Smith firmly believes that a cut in stamp duty for investors “would incentivise landlords to come back to the market and stop rents from spiralling out of control”. 

“The government has got this badly wrong and must change course,” he added. 

Alexandra Morris, managing director of MakeUrMove, has also hailed Boris Johnson for acknowledging that the housing market is in crisis.

Morris commented: “His [Johnson’s] announcement appears timed to coincide with the housing minister James Brokenshire announcing a plan to reduce homelessness which he disappointingly suggests is in part due to "instability in the private rental market.

“The truth is that we’re facing a huge problem of lack of supply and the dire homelessness situation we find ourselves in now is also symptomatic of the lack of a joined-up housing policy from successive governments.”

Morris believes that the government’s existing housing policies are just tinkering around the edges of the issue.
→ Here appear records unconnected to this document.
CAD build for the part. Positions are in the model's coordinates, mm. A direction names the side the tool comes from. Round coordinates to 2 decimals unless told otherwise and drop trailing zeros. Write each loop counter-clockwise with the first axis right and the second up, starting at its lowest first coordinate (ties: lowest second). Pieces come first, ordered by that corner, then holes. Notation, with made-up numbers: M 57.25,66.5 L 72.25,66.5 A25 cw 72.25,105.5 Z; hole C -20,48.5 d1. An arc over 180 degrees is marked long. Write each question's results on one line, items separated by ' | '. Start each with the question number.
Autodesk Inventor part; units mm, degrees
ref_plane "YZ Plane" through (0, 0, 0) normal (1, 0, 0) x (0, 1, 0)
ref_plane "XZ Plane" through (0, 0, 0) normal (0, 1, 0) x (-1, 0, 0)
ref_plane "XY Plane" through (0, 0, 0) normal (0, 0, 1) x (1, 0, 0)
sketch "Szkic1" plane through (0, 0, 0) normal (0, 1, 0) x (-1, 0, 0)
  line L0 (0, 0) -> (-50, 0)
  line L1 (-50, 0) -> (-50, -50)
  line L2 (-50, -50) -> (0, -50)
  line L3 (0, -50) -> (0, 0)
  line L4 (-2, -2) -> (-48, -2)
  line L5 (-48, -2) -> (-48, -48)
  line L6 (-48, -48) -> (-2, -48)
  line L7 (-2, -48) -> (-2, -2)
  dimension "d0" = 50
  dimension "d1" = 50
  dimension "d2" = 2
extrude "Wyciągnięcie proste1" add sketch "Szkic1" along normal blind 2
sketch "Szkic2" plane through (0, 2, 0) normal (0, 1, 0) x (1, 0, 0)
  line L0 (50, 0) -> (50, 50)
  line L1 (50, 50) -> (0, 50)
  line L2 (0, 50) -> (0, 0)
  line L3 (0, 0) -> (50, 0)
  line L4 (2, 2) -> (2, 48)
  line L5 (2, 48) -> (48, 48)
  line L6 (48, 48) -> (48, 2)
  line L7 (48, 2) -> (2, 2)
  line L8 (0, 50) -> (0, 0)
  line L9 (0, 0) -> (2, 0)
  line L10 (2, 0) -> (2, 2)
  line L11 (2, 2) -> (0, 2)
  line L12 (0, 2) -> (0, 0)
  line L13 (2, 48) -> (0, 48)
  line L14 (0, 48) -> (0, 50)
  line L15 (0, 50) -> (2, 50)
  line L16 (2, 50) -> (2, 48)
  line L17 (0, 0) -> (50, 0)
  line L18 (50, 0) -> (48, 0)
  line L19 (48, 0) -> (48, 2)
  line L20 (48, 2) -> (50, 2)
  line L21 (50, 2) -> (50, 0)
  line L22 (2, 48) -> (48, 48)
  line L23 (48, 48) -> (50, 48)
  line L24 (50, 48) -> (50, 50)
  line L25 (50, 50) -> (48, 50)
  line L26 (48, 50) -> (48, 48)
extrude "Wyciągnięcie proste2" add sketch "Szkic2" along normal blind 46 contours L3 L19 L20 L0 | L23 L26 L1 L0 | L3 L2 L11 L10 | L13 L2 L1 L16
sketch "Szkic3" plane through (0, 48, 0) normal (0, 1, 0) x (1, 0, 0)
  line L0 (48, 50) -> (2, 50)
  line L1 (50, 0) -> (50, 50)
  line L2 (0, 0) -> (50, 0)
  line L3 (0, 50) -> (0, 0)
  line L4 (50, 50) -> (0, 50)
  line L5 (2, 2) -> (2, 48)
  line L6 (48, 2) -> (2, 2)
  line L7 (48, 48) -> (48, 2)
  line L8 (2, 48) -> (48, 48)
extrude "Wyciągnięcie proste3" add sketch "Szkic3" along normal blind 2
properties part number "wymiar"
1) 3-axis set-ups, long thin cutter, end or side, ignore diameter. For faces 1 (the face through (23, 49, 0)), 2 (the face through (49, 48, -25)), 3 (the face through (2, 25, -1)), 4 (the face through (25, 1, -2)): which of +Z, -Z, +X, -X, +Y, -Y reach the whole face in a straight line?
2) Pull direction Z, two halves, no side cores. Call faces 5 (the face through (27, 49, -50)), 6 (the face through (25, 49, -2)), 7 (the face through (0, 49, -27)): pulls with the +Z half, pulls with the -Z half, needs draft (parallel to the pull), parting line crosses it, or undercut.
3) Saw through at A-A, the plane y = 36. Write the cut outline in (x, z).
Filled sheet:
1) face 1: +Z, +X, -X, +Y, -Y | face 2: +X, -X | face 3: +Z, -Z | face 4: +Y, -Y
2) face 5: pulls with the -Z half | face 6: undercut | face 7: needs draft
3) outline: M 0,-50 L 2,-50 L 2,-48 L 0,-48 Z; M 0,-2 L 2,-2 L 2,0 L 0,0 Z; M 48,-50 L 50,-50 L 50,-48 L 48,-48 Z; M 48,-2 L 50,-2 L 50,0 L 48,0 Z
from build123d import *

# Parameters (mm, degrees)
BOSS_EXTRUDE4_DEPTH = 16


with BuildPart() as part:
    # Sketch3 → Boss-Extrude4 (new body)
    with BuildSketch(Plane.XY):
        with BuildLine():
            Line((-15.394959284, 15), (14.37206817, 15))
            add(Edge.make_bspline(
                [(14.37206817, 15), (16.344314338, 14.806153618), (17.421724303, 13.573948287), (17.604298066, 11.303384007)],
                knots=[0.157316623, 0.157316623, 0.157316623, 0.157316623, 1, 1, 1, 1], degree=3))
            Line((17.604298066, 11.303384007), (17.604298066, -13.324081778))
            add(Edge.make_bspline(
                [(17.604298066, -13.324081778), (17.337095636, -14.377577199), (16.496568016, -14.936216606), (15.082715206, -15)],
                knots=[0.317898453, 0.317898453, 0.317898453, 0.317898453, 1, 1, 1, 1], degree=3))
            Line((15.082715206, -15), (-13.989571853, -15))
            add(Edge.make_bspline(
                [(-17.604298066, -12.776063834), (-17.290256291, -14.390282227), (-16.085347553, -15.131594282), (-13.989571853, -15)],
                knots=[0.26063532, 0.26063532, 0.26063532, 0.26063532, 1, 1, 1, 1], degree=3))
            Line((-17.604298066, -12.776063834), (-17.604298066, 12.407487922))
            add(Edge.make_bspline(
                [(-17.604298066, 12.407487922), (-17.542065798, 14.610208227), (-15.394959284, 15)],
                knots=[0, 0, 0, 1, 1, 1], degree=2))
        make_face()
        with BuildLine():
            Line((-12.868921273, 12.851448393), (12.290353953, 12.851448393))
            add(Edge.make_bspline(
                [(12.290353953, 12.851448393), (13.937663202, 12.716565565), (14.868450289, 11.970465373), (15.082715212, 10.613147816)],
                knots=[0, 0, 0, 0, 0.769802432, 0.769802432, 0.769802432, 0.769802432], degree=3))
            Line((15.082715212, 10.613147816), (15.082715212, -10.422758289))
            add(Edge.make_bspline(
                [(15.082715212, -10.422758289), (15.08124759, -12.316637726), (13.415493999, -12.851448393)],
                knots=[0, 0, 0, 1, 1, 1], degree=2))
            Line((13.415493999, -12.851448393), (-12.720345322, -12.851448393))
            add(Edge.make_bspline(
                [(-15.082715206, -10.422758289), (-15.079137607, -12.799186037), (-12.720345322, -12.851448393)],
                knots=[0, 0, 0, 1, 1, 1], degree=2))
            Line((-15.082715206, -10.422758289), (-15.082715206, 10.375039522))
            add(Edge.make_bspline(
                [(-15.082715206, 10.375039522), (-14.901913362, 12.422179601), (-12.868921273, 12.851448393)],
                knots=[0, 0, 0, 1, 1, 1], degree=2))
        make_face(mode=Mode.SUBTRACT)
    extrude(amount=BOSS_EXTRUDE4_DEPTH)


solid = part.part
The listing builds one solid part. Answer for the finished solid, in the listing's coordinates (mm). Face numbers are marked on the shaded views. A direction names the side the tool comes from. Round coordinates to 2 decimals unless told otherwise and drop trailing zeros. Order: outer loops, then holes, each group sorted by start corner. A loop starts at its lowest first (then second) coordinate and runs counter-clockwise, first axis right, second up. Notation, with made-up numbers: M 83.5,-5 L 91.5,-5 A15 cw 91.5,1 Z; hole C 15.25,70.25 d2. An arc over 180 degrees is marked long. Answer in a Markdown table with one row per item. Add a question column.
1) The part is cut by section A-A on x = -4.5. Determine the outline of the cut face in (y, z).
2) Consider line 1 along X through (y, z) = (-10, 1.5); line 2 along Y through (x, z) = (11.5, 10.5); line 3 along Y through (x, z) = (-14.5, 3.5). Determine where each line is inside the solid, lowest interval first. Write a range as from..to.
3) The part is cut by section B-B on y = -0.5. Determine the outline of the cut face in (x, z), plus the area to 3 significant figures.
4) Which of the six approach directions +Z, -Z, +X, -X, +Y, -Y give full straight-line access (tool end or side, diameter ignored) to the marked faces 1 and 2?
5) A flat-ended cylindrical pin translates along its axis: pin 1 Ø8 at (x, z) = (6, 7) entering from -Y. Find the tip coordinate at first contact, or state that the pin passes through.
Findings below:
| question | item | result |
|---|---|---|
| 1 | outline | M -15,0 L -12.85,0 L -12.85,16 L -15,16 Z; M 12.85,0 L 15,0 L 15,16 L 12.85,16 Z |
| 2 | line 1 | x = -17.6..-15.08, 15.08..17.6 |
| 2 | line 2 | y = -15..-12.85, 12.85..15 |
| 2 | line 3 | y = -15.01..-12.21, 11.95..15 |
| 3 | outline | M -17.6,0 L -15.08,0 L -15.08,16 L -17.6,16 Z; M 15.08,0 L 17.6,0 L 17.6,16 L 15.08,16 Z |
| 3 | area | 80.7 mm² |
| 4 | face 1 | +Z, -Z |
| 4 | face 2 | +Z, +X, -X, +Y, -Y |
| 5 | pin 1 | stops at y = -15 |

She continued: “We need to deal with the cause of the problem, not the symptoms.

“The lack of supply is driving up the percentage of income required for a deposit. This is only one impact. The lack of supply is also creating problems in the private rental sector with rental prices being pushed up.

“The danger of just tinkering with the symptoms of the housing crisis are also evident in the private rental sector, where successive governments have introduced a wide range of measures, including the phasing out of mortgage interest tax relief, the impending introduction of the tenant fees ban, as well as proposals to ban no fault evictions and introduce three year tenancies.

“Whilst we welcome regulation which further professionalises the private rental sector - and we would welcome initiatives such as increasing empty property taxes and incentives to encourage landlords to offer longer tenancies or maintain rent levels for longer - by implementing piecemeal changes with little regard for the ultimate impact, the Government is simply compounding the problem.

“What is needed here is a comprehensive strategy to increase supply across the housing market, from properties for those looking to buy, to a greater availability of properties in the rental market.

“If the government could get to grips with this fundamental issue, then the problems of lack of security for tenants and an inability to save for a deposit would all be dealt with as a consequence.

“It’s time the government stopped implementing sticking plasters and pursued a wholesale transformation of the housing market.”